[Records contained in a dataset]
::::
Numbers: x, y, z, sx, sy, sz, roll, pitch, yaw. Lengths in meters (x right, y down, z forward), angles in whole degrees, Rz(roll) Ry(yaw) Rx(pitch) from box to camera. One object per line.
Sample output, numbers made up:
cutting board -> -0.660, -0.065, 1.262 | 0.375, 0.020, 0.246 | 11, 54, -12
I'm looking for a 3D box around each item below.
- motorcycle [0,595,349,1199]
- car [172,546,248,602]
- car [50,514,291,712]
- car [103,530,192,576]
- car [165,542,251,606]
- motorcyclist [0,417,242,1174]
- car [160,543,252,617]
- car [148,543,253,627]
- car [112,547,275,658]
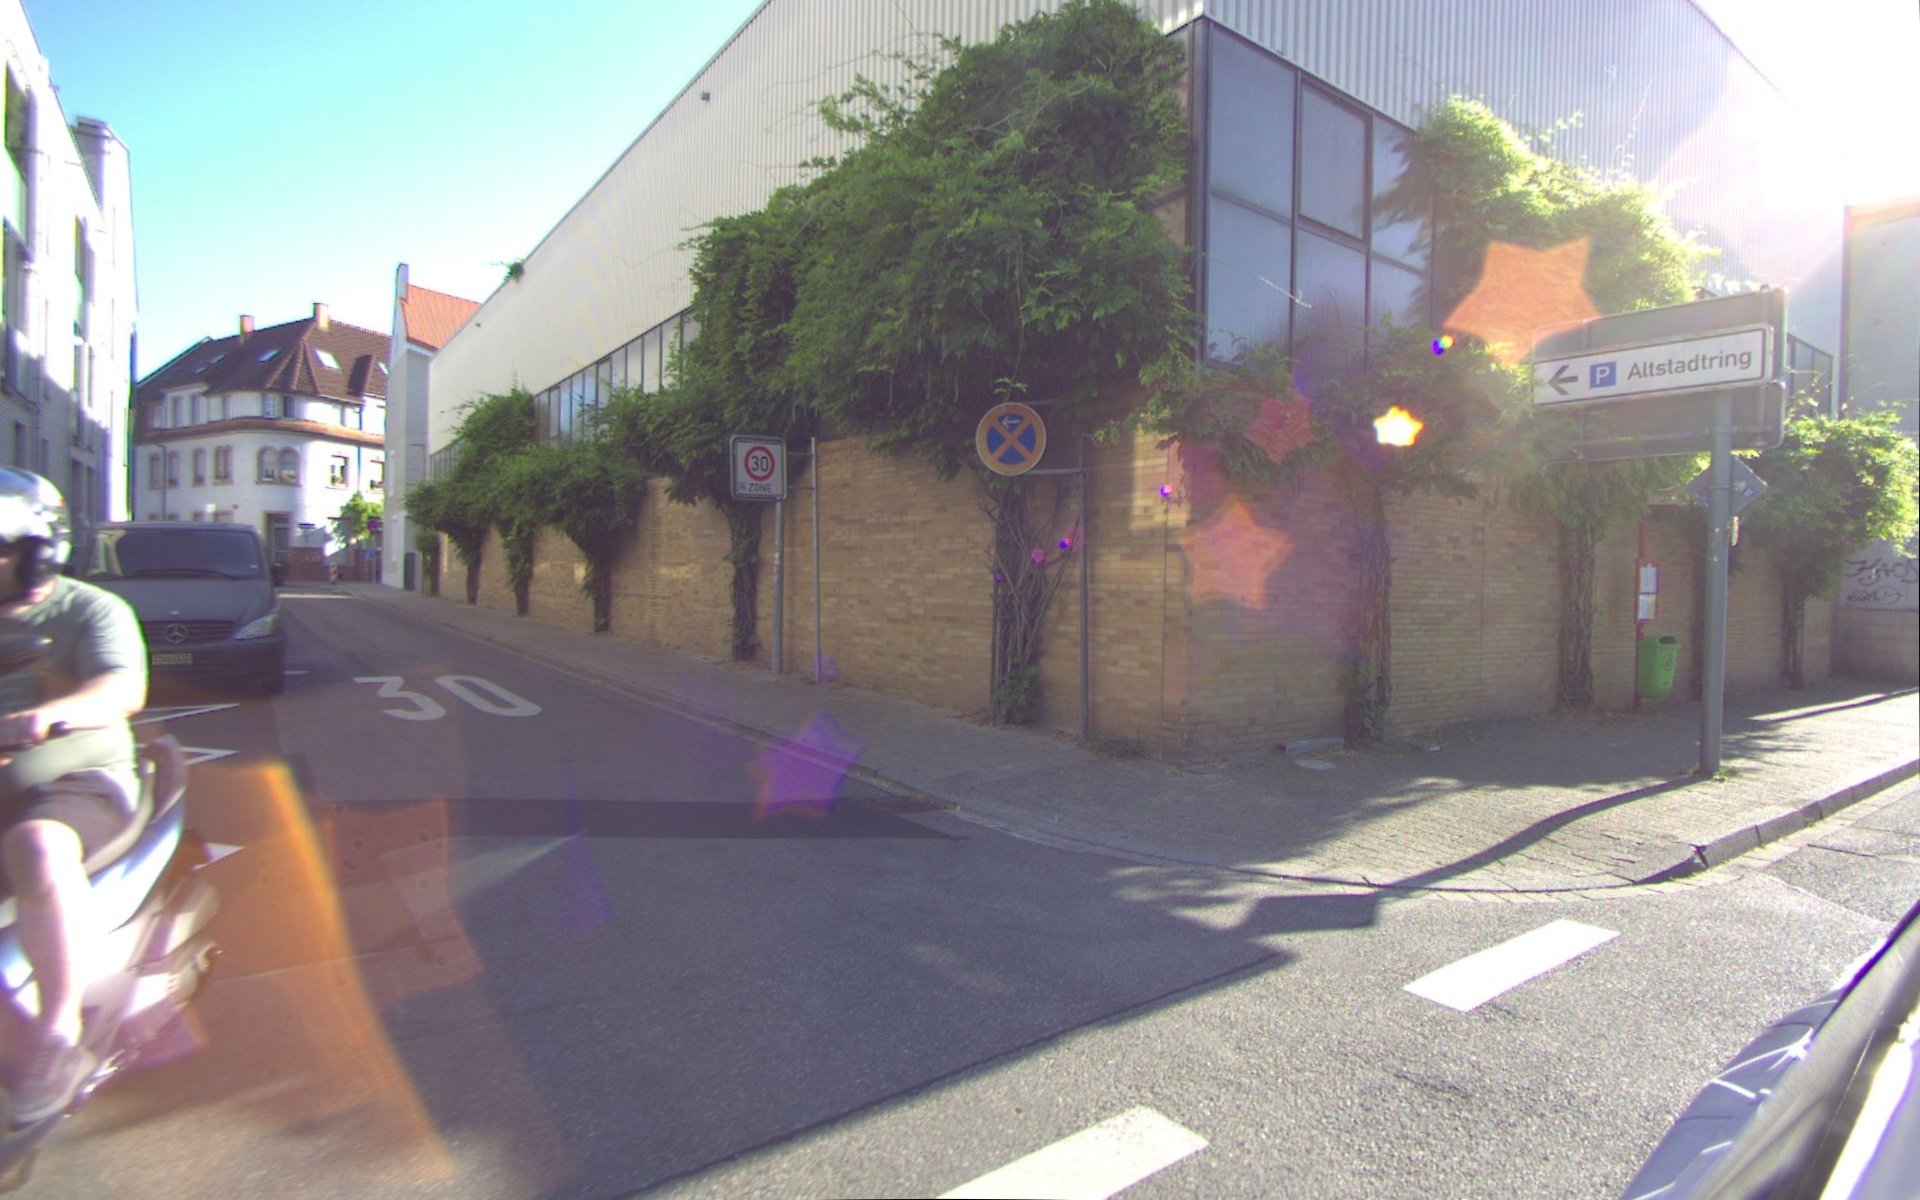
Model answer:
motorcycle -> -2.456, 0.683, 2.432 | 0.877, 1.296, 2.347 | 0, 2, -9
car -> -24.025, -0.878, 32.487 | 1.829, 1.672, 4.458 | 0, 2, -36
car -> -8.942, -0.031, 11.669 | 1.829, 1.802, 4.623 | 0, 4, -36
car -> -42.899, -2.493, 53.387 | 5.563, 2.335, 1.990 | 3, 2, 33
car -> -21.308, -0.767, 28.755 | 1.829, 1.672, 4.458 | 0, 2, -36
motorcyclist -> -2.387, 0.379, 2.346 | 0.877, 1.491, 0.880 | 0, 0, -9
car -> -17.918, -0.517, 24.120 | 1.632, 1.621, 3.671 | 0, 2, -36
car -> -15.892, -0.356, 21.246 | 1.632, 1.596, 3.630 | 0, 2, -36
car -> -11.940, -0.061, 15.889 | 1.796, 1.496, 4.401 | 0, 2, -36
::::
Taking the records above, retype every line from the one with "- car [50,514,291,712]" down to the one with "- car [112,547,275,658]", exactly and with nothing else.

- car [50,514,291,712]
- car [103,530,192,576]
- car [165,542,251,606]
- motorcyclist [0,417,242,1174]
- car [160,543,252,617]
- car [148,543,253,627]
- car [112,547,275,658]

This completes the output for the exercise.